Return the data below exactly as given, except for the images.

Source data

┄┄┄┄┄┄┄┄┄┄┄┄┄┄┄┄┄┄┄┄

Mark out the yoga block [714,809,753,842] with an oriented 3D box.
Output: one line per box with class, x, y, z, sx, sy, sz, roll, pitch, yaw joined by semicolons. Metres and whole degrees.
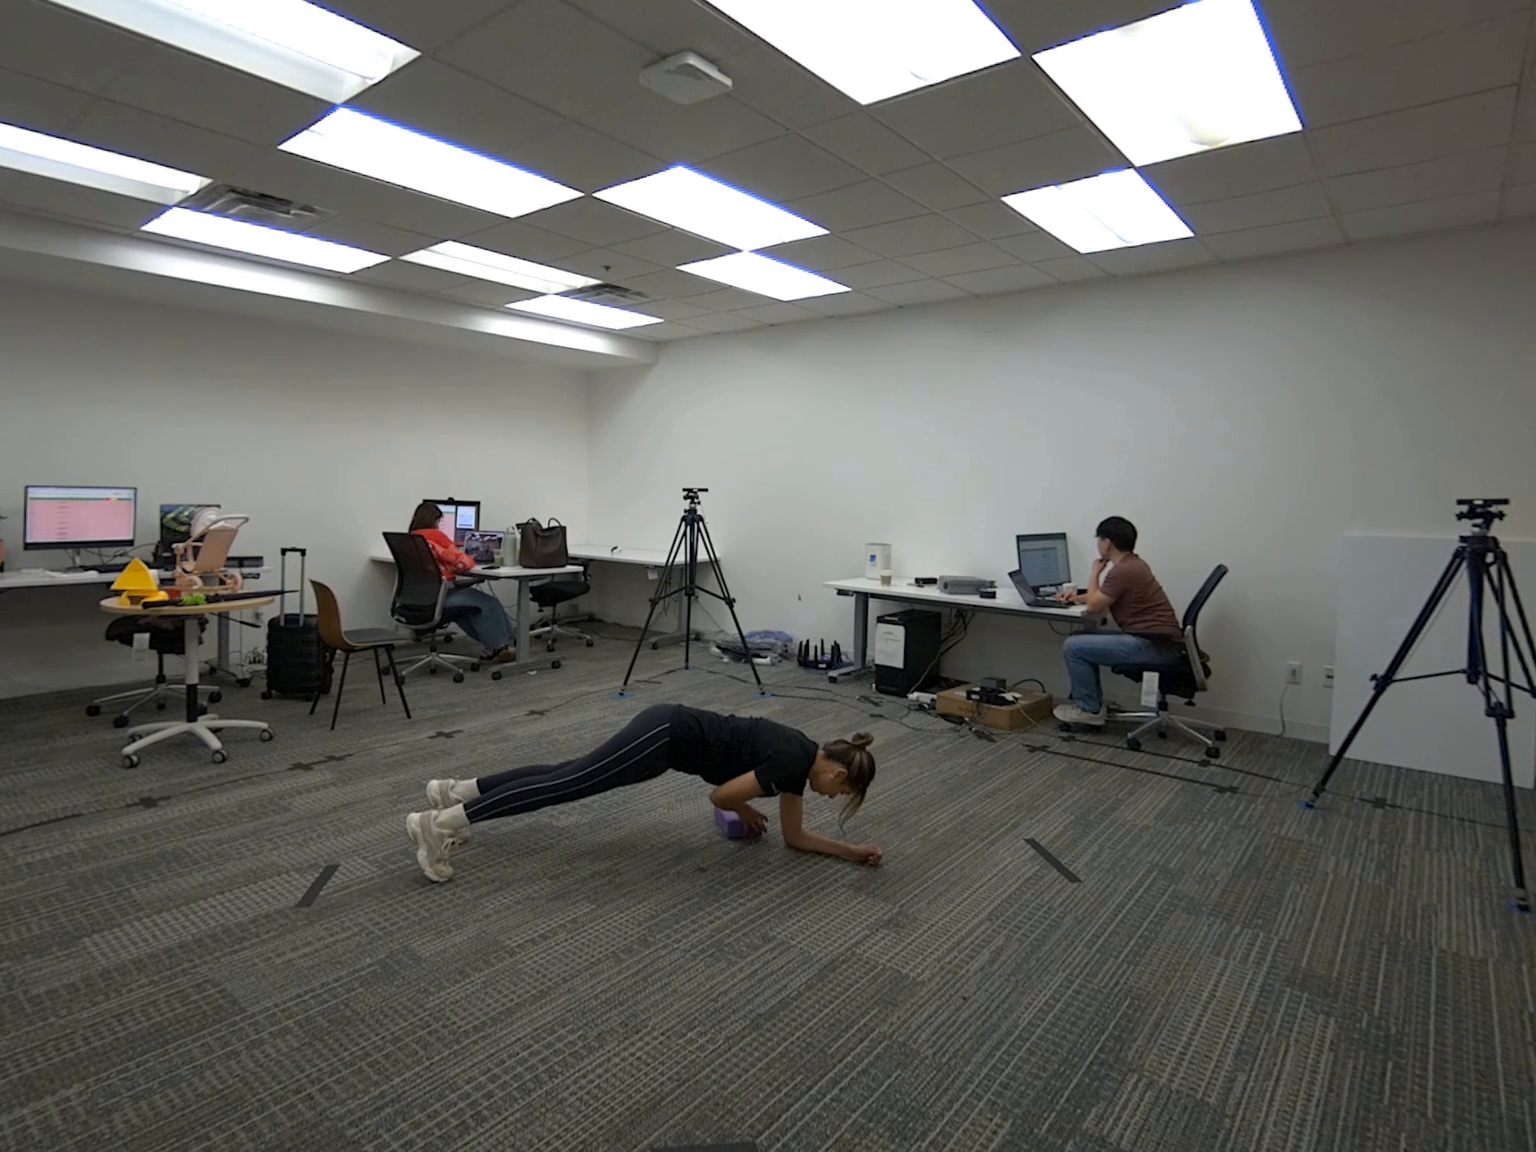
yoga block;-0.135;0.994;3.499;0.146;0.076;0.233;1;3;-16

┄┄┄┄┄┄┄┄┄┄┄┄┄┄┄┄┄┄┄┄

Written reply
Mark out the yoga block [714,809,753,842] with an oriented 3D box.
Output: one line per box with class, x, y, z, sx, sy, sz, roll, pitch, yaw joined by semicolons. Metres and whole degrees.
yoga block;-0.135;0.994;3.499;0.146;0.076;0.233;1;3;-16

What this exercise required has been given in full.